* Records for processing *
'''

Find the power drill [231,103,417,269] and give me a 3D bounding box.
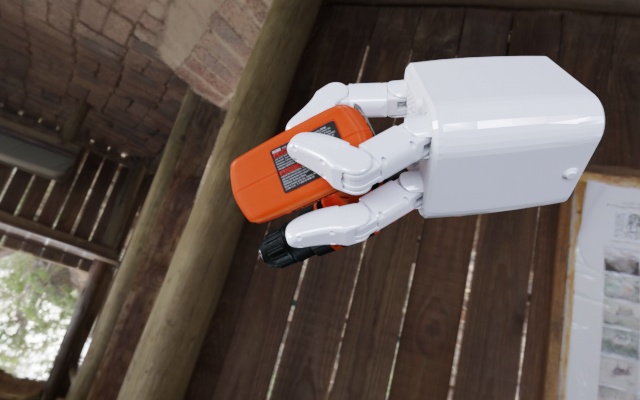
[{"bbox_3d":[0.000,0.001,0.410,0.184,0.057,0.188,-28,-19,10],"label":"power drill"}]
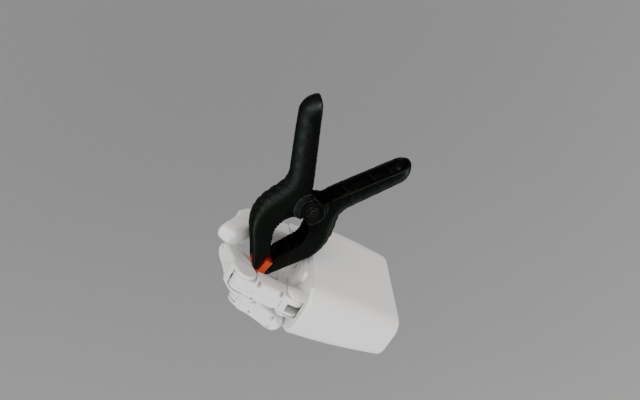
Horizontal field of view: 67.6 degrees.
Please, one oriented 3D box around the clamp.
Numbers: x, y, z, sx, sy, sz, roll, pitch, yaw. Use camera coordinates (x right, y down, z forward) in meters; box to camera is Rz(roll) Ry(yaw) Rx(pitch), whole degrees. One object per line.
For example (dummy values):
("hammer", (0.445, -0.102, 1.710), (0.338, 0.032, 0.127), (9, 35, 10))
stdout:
("clamp", (0.000, 0.002, 0.428), (0.120, 0.171, 0.039), (24, 24, -20))
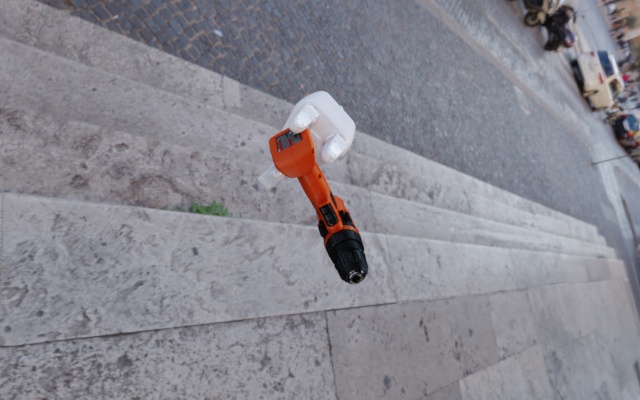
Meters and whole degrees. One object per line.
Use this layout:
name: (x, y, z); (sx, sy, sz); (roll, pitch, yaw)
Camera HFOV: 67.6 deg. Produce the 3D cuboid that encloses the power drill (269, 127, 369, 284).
power drill: (0.000, 0.002, 0.638); (0.057, 0.188, 0.184); (-26, 31, 2)
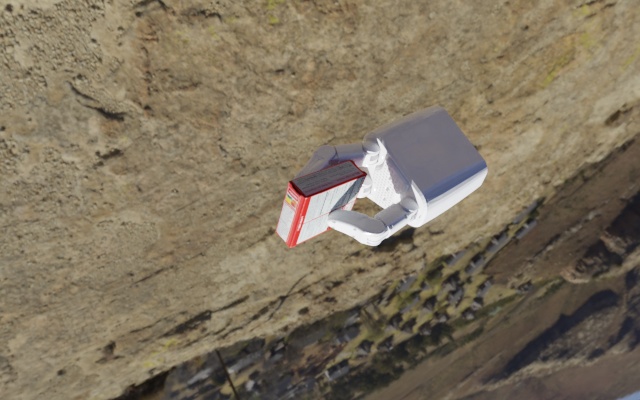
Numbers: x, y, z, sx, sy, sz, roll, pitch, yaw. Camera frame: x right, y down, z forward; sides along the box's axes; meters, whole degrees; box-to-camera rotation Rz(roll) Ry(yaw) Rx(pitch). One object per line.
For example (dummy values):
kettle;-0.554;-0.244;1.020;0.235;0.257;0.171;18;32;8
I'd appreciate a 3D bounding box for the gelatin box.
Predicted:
gelatin box;0.000;0.002;0.501;0.089;0.073;0.030;-23;56;-38
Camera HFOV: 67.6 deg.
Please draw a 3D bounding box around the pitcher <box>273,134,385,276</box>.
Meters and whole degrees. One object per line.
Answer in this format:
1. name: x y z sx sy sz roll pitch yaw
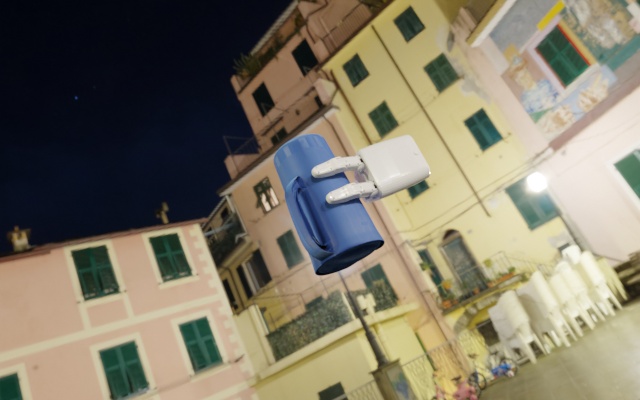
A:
1. pitcher: 0.000 0.003 0.857 0.145 0.242 0.149 -21 -20 -13
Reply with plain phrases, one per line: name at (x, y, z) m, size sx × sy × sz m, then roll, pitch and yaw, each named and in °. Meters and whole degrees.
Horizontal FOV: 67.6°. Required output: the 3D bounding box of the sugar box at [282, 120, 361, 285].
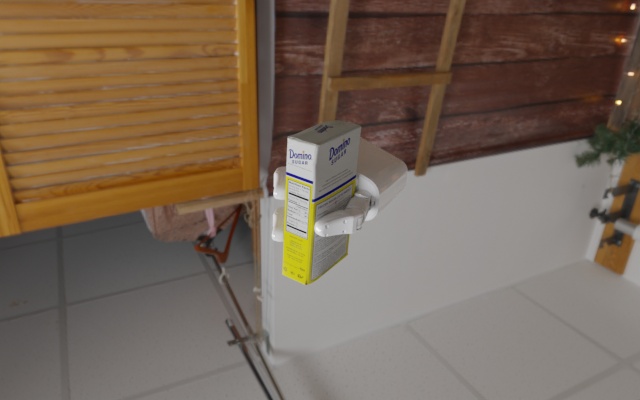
sugar box at (0.000, 0.002, 0.557) m, size 0.048 × 0.176 × 0.093 m, roll 18°, pitch 29°, yaw 30°
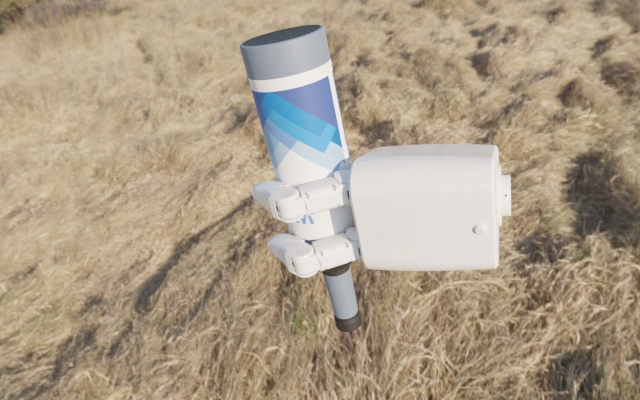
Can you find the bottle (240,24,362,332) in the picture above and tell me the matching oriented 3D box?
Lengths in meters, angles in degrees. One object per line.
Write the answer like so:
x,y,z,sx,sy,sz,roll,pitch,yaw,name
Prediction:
0.000,0.001,0.431,0.069,0.296,0.069,-10,28,5,bottle
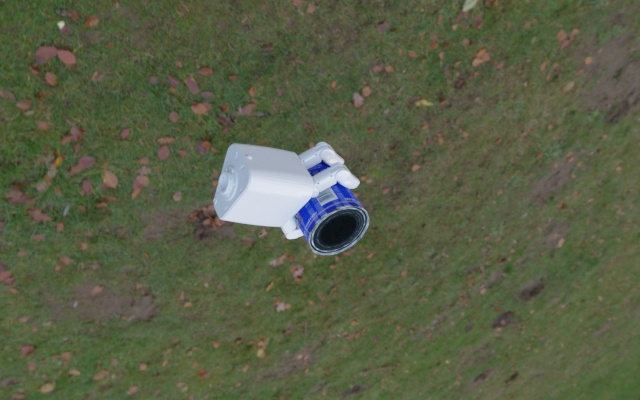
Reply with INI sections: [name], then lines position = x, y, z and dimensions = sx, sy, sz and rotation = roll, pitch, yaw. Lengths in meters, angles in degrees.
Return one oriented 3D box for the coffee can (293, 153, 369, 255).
[coffee can]
position = 0.000, 0.002, 0.767
dimensions = 0.103, 0.103, 0.140
rotation = 0, 40, -33
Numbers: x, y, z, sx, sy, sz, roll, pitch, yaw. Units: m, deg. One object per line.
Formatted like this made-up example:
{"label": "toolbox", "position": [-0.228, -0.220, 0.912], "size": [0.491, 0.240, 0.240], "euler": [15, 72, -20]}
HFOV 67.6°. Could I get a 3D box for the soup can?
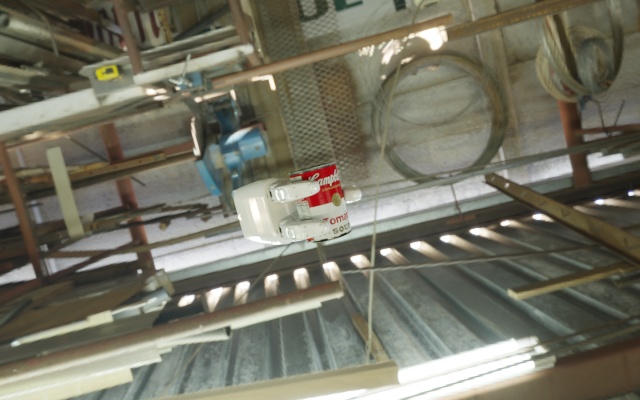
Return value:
{"label": "soup can", "position": [0.001, 0.002, 0.672], "size": [0.068, 0.102, 0.068], "euler": [-14, 6, 1]}
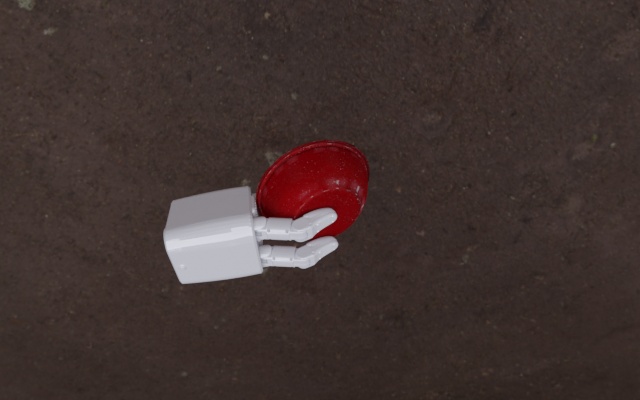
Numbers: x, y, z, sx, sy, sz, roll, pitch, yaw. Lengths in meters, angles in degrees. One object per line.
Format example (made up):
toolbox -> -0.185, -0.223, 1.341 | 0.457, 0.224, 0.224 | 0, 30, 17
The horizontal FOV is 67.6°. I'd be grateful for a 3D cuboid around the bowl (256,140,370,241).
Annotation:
bowl -> 0.001, 0.002, 0.622 | 0.162, 0.162, 0.055 | 0, 41, -27
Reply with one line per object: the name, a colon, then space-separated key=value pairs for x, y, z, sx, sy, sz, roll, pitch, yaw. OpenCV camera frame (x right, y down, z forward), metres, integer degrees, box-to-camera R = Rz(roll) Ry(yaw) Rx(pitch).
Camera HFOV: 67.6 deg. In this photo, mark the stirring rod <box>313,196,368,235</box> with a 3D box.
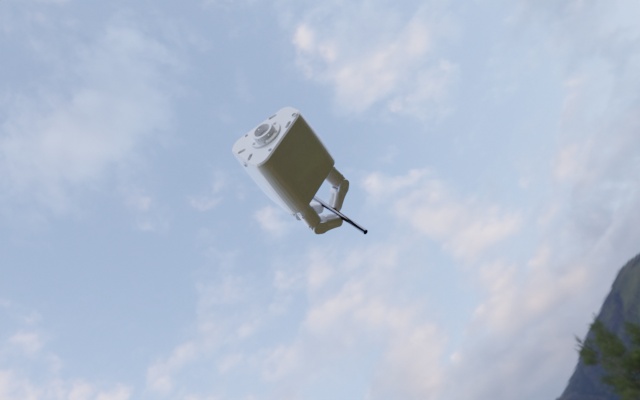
stirring rod: x=0.000 y=0.003 z=0.794 sx=0.011 sy=0.011 sz=0.239 roll=0 pitch=21 yaw=-37

'''

* Task description *
What is needed is a single number: how many lines of the data contain the word "Please".

* Written solution *
2